Часть 1
25 августа 2015 г. в 12:58
Мой кабинет напоминает помойку.
Так говорит Талинда.
Но между тем бесчисленные, отчасти цветные, отчасти черно-белые татуировки на моем теле - вовсе не мусор. Это произведения искусства, это картины. И каждая из этих картин что-то символизирует.
Да, как и твои картины.
Всегда в те минуты, когда ты задумчиво сидишь в автобусе и делаешь наброски в свое удовольствие, я, словно оголодавший стервятник, наблюдаю за тобой и выжидаю момент, когда ты недовольно нахмуришь лоб и, печально вздохнув, вырвешь верхний лист своего скетчбука, скомкаешь и отправишь в мусорную корзину.
Но это далеко не все.
Как только ты отвернешься, я выужу обратно твое назаконченное творение и спрячу его, словно величайшую в мире ценность, в один из пыльных шкафов с обувью, куда, кроме меня, никто и не подумает заглянуть.
Ведь каждый, даже самый неудачный, штрих твоего пера ценнее для меня всех сокровищ мира.
Мой кабинет похож на зеркальный лабиринт.
Так говоришь ты.
Не важно, в каком углу прятаться, собственное отражение все равно настигнет тебя. Оно вездесуще. И я обожаю быть здесь один. То есть с самим собой.
Талинда закрывает глаза на мои странности. Мне так кажется.
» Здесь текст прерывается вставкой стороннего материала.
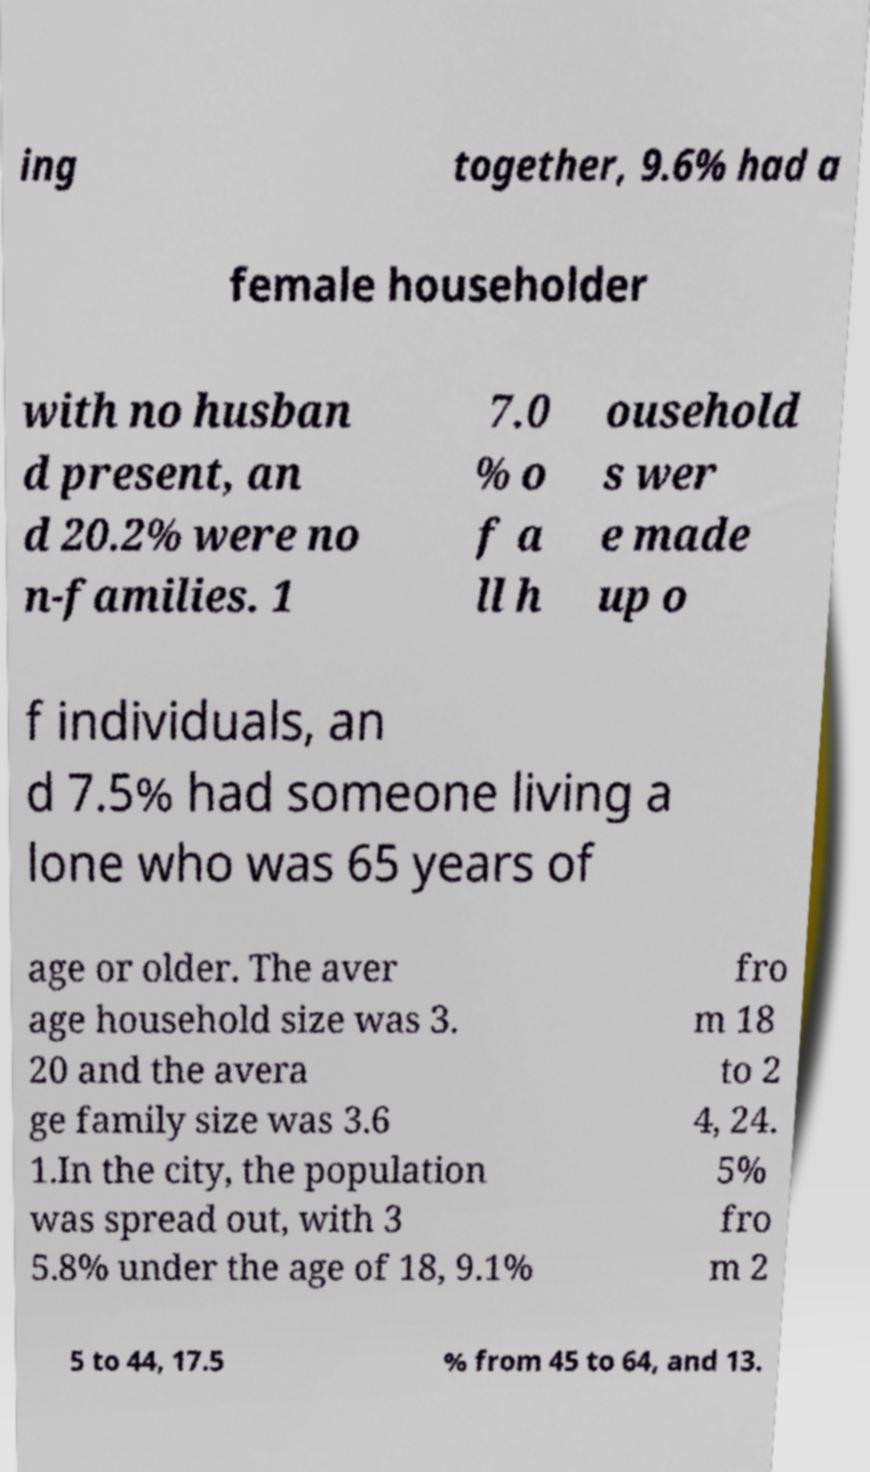For documentation purposes, I need the text within this image transcribed. Could you provide that? ing together, 9.6% had a female householder with no husban d present, an d 20.2% were no n-families. 1 7.0 % o f a ll h ousehold s wer e made up o f individuals, an d 7.5% had someone living a lone who was 65 years of age or older. The aver age household size was 3. 20 and the avera ge family size was 3.6 1.In the city, the population was spread out, with 3 5.8% under the age of 18, 9.1% fro m 18 to 2 4, 24. 5% fro m 2 5 to 44, 17.5 % from 45 to 64, and 13. 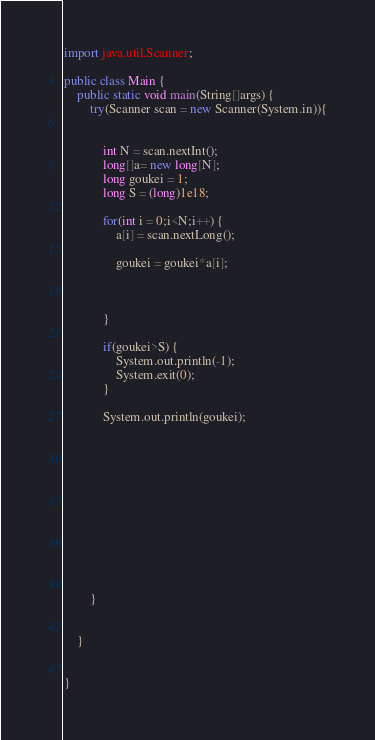<code> <loc_0><loc_0><loc_500><loc_500><_Java_>import java.util.Scanner;

public class Main {
	public static void main(String[]args) {
		try(Scanner scan = new Scanner(System.in)){
			
			
			int N = scan.nextInt();
			long[]a= new long[N];
			long goukei = 1;
			long S = (long)1e18;
			
			for(int i = 0;i<N;i++) {
				a[i] = scan.nextLong();
				
				goukei = goukei*a[i];
				
				
			
			}
			
			if(goukei>S) {
				System.out.println(-1);
				System.exit(0);
			}
			
			System.out.println(goukei);
			
			
			
			
			
			
			
			
			
			
			
			
		}
		
		
	}
		

}
</code> 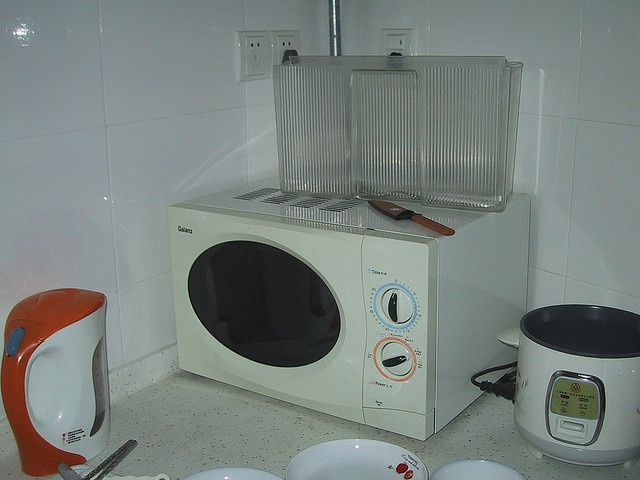Describe the objects in this image and their specific colors. I can see microwave in gray, darkgray, and black tones, bowl in gray, darkgray, and maroon tones, bowl in gray and darkgray tones, bowl in gray and darkgray tones, and knife in gray, maroon, and black tones in this image. 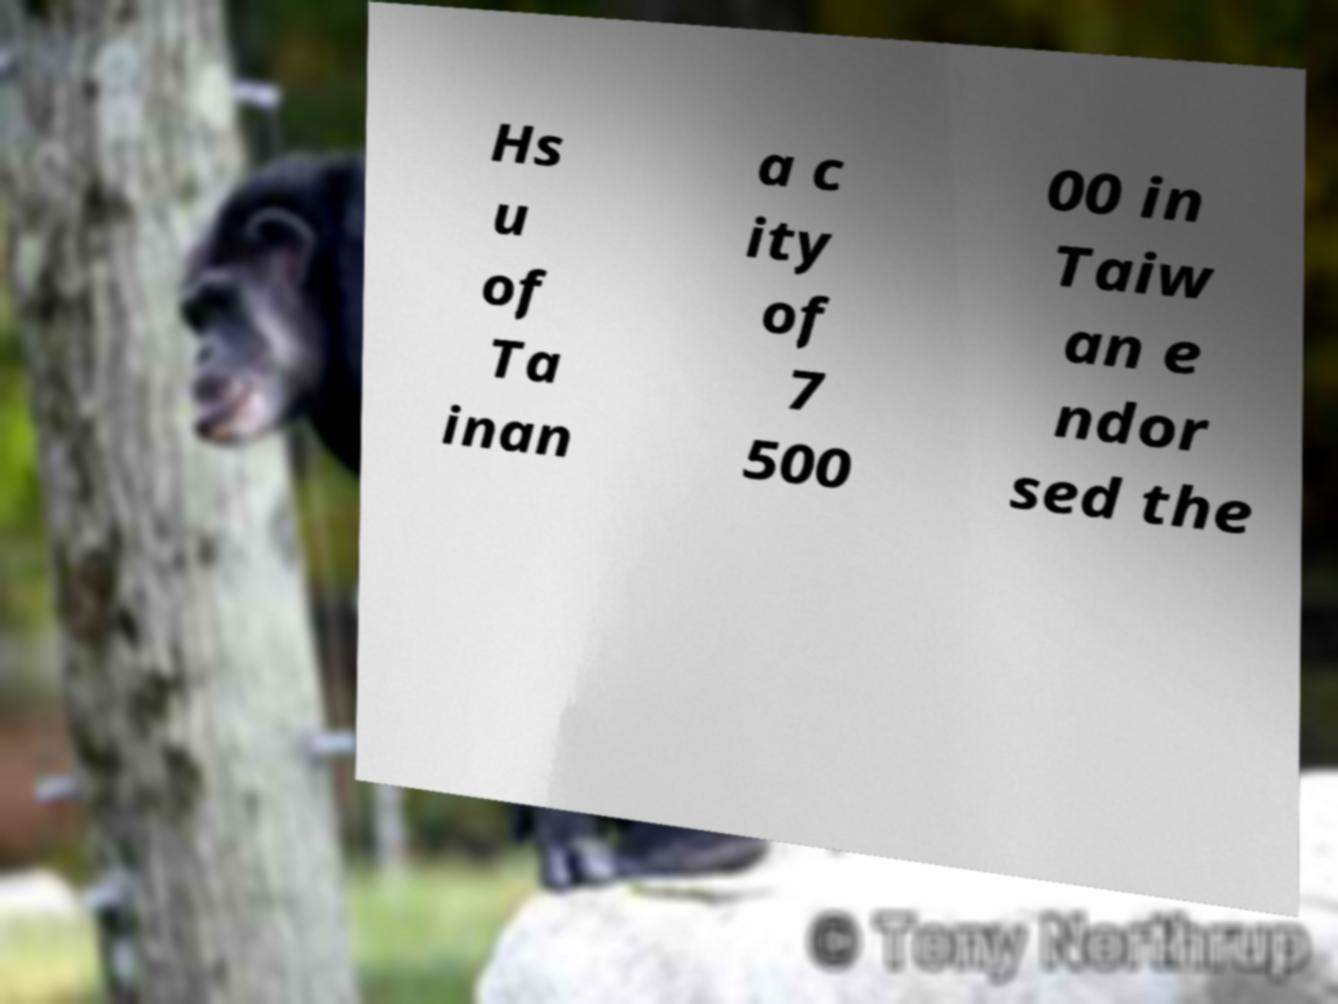What messages or text are displayed in this image? I need them in a readable, typed format. Hs u of Ta inan a c ity of 7 500 00 in Taiw an e ndor sed the

Я, в конце концов, человек творческий, и могу, не оправдываясь и не подыскивая нужного повода, уединяться на долгое время в каком-нибудь местечке. Пусть даже в шкафу, душевой кабине нашего тур-автобуса или в ванной в гостиничном номере.
Я безгранично ценю свободу.
Но сейчас со мной мое прекрасное зеркальное отражение.
Оно улыбается. А я ему подмигиваю.
Короче, я самодовольный ублюдок, который думает только о себе.
Так сказала Талинда, уезжая из дома на неделю. Хм, кажется, она меня бросила.
Сначала я хотел тебе что-то написать.
Но это долго, а я лентяй.
Тогда мой рассеянный взгляд упал на белые участки собственной кожи. Свободные от татуировок.
И тогда в мою голову пришла более удачная идея: я набью себе один из твоих рисунков. Неважно, где именно. Но лучше там, где это будет заметно.
Заметно тебе.
Тебе ведь это понравится, да?
В конце концов, вряд ли можно найти более совершенный холст, чем мое собственное тело.
Так говорит мое отражение.
Я прекрасен, когда я влюблен. А сейчас я влюблен до безумия.
А еще я пьян.
Так говоришь ты.
Ах, да, я совсем забыл про наш телефонный разговор, застыв с трубкой в руке перед зеркалом.
- Чез, ты вообще здесь?
Здесь ли я?
- Предположим, что так.
Ты вздыхаешь:
- Ложись-ка спать. Поговорим завтра. Когда протрезвеешь.
Ты заявляешь это каждый раз. Да только я уже никогда не стану трезвым. Эта мысль заставляет меня засмеяться.
- Не бывать этому, Майк. Майки. Спайки…
Прикольное же у тебя имя…
- Может, мне стоит зайти к тебе?
- А ты хочешь?
- Нет. Ты же знаешь, что я не выношу этого сумасшествия с зеркалами. Обстановка ужасно мешает сосредоточиться и нормально поговорить.
Я еле держусь на ногах, хватаюсь за зеркало, разглядываю свое тело и подыскиваю подходящее место для новой татуировки.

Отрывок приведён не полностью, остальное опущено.